Стекольная laffка Zахари | страница 4



Он сел и завел двигатель, чтобы тот прогрелся несколько минут, пока он держит коробочку и оглядывается внутри автомобиля, прикидывая, куда бы положить ее в уверенности, что содержимое не повредится. Наиболее очевидное место — на пассажирское сиденье, где прочная обивка поглощает любые толчки на дороге. А если он попадет в аварию?

Он грациозно содрогнулся. Это все дерьмо, но он не мог не поверить рассказу Захари и теперь нее*ически уверен, что сделает подарок, про который Миранда никогда не скажет «не оригинально». Захари сказал ему только, что в крошечной золотой рамке содержится жизнь — в виде каких-то минут личного объекта — женщины с инициалами W. S. На дне коробки был кусок пергамента, не больше квадратного дюйма, с теми же инициалами, написанными жирным шрифтом. Если рамку разбить, сказал он, женщина умрет.

Ченнинг задал очевидные вопросы: как имя женщины? И что такое «личные объекты»?

Захари не сказал. Выбор жизней как «личных объектов», — он был неконкретен — происходит сам собой, чисто случайно. Когда Захари твердо сказал, что не знает ничего, кроме имени человека и только его так называемого второго знака, ощущение нереальности усилилось.

Что за сказки! Ченнинг печально улыбнулся. Конечно, это был подарок Миранде, но гораздо больше он жаждал им поделиться со своей сестрой-близнецом Адриенн. Он закрыл глаза и вспомнил, как она выглядела давеча, когда он покинул ее: сонно взъерошенные темные глянцевые прядки, припухшие губы, сливочная кожа…

«Господи! Встань, грязная скотина! Убирайся! И ты! Шлюха! Твой родной брат…»

Голос был порочной памятью прошлого, и он с усилием изгнал его из мыслей. Вот так вот, подумал он с горечью. Родители не понимают близнецов, их единение, любовь. Когда у двоих так много общего — еще с утробы, — никто другой никогда не сможет стать равноценной заменой. Он полагал, что это форма двойного нарциссизма, — его любовь к себе в женском облике, ее любовь к себе в мужском виде.

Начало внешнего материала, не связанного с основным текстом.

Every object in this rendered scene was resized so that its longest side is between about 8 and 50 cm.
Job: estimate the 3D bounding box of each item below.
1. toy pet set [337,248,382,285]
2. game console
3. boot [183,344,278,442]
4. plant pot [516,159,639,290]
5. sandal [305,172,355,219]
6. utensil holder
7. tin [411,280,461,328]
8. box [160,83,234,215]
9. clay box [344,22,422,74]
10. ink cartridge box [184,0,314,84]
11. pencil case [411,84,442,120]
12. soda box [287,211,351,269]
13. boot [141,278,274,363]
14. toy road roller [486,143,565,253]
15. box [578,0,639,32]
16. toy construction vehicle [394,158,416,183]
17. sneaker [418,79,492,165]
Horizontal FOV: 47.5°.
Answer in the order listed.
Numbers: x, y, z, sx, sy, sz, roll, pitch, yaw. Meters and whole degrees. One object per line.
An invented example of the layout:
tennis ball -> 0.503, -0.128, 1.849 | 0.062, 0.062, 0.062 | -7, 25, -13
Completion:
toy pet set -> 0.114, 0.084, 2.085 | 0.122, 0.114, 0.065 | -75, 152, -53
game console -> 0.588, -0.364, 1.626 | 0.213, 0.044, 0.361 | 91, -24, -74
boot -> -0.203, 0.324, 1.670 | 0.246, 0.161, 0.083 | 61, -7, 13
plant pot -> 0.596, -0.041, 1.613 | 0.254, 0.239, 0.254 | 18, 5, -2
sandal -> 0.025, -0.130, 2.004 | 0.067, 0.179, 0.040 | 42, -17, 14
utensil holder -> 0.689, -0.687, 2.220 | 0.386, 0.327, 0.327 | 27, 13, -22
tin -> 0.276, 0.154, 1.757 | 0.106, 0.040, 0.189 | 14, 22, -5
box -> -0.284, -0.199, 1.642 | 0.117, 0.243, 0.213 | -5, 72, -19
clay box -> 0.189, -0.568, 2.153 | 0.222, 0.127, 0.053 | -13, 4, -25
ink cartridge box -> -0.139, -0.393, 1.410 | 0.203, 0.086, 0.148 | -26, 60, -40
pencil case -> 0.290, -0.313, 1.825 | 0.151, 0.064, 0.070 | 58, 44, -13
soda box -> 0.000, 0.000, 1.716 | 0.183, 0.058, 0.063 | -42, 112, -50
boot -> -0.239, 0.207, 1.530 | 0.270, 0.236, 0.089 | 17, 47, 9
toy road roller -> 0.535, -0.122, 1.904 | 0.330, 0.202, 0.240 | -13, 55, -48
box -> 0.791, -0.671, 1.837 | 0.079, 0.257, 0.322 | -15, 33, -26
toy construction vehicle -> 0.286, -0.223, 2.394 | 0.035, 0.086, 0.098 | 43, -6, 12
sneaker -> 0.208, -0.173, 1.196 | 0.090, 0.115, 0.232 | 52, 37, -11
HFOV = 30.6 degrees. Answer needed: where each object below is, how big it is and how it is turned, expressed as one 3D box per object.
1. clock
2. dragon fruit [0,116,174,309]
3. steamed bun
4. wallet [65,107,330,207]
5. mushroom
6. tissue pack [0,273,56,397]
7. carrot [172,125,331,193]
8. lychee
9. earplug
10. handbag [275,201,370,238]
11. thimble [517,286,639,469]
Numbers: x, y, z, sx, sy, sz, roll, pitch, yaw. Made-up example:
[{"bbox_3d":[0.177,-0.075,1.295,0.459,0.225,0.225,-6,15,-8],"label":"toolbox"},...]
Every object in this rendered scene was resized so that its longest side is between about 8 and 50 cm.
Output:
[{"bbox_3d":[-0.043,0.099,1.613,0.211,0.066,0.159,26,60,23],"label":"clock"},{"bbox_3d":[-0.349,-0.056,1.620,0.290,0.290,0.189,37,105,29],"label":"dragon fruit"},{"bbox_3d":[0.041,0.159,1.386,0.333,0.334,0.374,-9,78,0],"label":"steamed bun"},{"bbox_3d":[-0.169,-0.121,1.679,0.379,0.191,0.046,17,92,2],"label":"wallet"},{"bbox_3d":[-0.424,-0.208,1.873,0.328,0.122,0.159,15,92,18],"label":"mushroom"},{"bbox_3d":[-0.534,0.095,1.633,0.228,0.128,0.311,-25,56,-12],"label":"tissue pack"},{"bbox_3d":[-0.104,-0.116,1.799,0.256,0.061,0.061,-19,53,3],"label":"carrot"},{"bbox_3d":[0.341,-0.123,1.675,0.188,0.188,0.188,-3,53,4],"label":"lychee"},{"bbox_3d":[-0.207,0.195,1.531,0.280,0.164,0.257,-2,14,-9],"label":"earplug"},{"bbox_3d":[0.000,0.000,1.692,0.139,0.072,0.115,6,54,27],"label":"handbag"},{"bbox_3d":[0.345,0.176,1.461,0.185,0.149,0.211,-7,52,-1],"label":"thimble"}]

Но в их глазах — ее серых, его зеленых, они были зеркальным отражением друг друга. Конечно, их индивидуальности различались — в результате того, что в шестнадцать лет их отправили в разные школы-интернаты. Скорее всего, сучки-подросточки вскормили мелочную жестокость в Адриенн, а сам он открыто признавал, что в состоянии серьезно огорчить всякого, кто попробует помешать ему получить, что хочется. Но все же во всем остальном они соответствовали друг другу, как разломанные половинки одного из этих безвкусных ожерелий с разбитым сердцем. Когда-нибудь они будут только вдвоем.